-------- Task data
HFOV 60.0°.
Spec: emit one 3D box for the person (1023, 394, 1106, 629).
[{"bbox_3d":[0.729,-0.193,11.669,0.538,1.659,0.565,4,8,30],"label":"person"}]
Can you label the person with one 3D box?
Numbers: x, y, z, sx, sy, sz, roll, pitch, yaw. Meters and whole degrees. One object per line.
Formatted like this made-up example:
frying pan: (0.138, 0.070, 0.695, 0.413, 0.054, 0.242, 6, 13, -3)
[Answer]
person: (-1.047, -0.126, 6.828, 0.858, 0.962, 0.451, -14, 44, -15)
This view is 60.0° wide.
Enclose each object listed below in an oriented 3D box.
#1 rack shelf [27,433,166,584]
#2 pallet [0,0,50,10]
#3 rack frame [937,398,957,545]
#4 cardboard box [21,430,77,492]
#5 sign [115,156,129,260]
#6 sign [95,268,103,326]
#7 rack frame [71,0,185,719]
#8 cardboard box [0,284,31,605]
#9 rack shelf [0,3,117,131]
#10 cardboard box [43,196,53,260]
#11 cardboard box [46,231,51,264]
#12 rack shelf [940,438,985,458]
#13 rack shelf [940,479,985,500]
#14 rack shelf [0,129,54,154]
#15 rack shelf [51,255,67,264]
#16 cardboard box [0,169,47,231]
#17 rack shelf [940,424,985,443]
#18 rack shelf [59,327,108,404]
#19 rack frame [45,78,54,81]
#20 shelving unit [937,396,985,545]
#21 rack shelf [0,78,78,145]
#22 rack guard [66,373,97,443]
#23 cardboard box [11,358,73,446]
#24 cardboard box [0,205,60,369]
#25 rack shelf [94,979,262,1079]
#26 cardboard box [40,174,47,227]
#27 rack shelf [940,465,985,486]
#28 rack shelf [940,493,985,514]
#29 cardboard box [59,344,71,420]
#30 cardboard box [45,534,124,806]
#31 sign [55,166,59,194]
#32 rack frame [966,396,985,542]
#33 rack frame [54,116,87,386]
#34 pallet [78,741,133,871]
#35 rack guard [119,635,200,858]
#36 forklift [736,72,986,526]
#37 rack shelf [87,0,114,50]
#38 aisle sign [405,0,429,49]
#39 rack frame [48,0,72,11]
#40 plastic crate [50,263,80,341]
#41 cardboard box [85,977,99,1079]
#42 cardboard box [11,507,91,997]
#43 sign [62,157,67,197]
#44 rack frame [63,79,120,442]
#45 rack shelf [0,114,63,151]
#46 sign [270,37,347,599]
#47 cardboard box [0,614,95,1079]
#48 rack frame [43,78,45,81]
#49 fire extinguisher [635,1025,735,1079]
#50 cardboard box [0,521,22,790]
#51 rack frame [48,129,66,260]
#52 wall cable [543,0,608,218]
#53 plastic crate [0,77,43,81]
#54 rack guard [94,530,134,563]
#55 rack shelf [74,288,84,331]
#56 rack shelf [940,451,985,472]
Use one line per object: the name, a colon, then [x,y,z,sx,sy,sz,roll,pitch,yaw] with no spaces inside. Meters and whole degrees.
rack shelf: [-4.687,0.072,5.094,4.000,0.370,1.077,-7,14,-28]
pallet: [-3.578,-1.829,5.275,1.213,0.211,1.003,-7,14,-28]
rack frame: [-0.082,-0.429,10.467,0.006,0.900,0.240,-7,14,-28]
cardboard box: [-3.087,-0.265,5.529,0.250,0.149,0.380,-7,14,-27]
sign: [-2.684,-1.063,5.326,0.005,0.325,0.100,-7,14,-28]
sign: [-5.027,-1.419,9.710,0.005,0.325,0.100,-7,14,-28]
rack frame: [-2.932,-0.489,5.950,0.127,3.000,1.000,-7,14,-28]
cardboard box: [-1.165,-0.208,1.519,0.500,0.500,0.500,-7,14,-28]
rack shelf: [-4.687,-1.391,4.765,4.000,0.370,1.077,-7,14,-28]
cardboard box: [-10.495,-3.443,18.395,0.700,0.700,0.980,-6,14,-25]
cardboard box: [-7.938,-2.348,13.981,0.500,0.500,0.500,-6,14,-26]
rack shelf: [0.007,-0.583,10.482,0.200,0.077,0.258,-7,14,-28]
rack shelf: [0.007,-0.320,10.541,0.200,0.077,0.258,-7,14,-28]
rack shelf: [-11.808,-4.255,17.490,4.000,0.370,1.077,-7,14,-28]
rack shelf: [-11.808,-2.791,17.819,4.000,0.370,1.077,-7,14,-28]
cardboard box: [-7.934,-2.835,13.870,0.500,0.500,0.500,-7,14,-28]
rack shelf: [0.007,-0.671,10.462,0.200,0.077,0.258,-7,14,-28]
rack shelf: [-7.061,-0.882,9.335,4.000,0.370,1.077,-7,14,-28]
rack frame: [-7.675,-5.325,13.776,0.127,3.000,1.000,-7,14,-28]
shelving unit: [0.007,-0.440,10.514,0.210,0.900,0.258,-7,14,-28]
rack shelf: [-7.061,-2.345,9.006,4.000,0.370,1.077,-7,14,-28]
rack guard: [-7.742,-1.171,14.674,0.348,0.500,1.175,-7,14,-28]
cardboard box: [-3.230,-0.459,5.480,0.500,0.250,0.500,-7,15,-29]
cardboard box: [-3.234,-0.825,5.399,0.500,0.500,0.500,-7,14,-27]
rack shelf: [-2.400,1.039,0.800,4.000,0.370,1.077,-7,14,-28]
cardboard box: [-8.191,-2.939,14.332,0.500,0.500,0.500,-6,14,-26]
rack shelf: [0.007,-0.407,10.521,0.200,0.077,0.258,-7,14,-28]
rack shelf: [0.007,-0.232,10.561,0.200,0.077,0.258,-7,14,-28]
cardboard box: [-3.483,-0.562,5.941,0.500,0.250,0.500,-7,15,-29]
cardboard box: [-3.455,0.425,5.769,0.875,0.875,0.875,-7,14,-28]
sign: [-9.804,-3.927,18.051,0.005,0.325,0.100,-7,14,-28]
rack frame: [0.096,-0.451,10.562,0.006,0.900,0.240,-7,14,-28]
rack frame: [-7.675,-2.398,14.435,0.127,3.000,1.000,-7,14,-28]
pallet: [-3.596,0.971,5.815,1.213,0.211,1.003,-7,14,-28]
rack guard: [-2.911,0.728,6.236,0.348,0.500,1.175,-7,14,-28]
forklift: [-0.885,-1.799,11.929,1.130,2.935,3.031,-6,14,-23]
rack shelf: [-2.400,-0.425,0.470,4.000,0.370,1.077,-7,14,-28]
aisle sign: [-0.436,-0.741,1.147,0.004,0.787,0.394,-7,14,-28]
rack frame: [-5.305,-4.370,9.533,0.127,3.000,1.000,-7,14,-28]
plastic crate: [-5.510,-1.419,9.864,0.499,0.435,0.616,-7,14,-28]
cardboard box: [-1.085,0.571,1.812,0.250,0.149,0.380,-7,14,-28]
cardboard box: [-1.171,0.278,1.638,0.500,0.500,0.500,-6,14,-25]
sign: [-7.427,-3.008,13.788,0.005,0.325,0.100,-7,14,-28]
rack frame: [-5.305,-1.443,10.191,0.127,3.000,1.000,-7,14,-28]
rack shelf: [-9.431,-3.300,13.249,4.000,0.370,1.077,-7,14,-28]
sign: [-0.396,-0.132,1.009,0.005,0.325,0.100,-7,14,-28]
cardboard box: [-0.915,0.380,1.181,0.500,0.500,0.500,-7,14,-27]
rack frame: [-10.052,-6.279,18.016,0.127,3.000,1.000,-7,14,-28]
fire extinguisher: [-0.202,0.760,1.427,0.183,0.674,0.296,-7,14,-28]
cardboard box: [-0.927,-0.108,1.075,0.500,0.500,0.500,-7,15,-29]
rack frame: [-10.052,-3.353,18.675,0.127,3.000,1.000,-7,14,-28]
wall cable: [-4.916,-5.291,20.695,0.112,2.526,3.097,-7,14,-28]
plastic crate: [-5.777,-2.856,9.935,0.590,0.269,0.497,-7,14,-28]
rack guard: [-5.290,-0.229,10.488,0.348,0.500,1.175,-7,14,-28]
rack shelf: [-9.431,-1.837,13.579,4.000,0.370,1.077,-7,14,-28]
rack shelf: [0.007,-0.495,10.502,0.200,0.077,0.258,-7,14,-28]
----------------
Please give again the lines above between the line holding "#9 rack shelf [0,3,117,131]" and the line holding "#56 rack shelf [940,451,985,472]", inclusive, exactly as they are and with nothing added.

Exercise response:
#9 rack shelf [0,3,117,131]
#10 cardboard box [43,196,53,260]
#11 cardboard box [46,231,51,264]
#12 rack shelf [940,438,985,458]
#13 rack shelf [940,479,985,500]
#14 rack shelf [0,129,54,154]
#15 rack shelf [51,255,67,264]
#16 cardboard box [0,169,47,231]
#17 rack shelf [940,424,985,443]
#18 rack shelf [59,327,108,404]
#19 rack frame [45,78,54,81]
#20 shelving unit [937,396,985,545]
#21 rack shelf [0,78,78,145]
#22 rack guard [66,373,97,443]
#23 cardboard box [11,358,73,446]
#24 cardboard box [0,205,60,369]
#25 rack shelf [94,979,262,1079]
#26 cardboard box [40,174,47,227]
#27 rack shelf [940,465,985,486]
#28 rack shelf [940,493,985,514]
#29 cardboard box [59,344,71,420]
#30 cardboard box [45,534,124,806]
#31 sign [55,166,59,194]
#32 rack frame [966,396,985,542]
#33 rack frame [54,116,87,386]
#34 pallet [78,741,133,871]
#35 rack guard [119,635,200,858]
#36 forklift [736,72,986,526]
#37 rack shelf [87,0,114,50]
#38 aisle sign [405,0,429,49]
#39 rack frame [48,0,72,11]
#40 plastic crate [50,263,80,341]
#41 cardboard box [85,977,99,1079]
#42 cardboard box [11,507,91,997]
#43 sign [62,157,67,197]
#44 rack frame [63,79,120,442]
#45 rack shelf [0,114,63,151]
#46 sign [270,37,347,599]
#47 cardboard box [0,614,95,1079]
#48 rack frame [43,78,45,81]
#49 fire extinguisher [635,1025,735,1079]
#50 cardboard box [0,521,22,790]
#51 rack frame [48,129,66,260]
#52 wall cable [543,0,608,218]
#53 plastic crate [0,77,43,81]
#54 rack guard [94,530,134,563]
#55 rack shelf [74,288,84,331]
#56 rack shelf [940,451,985,472]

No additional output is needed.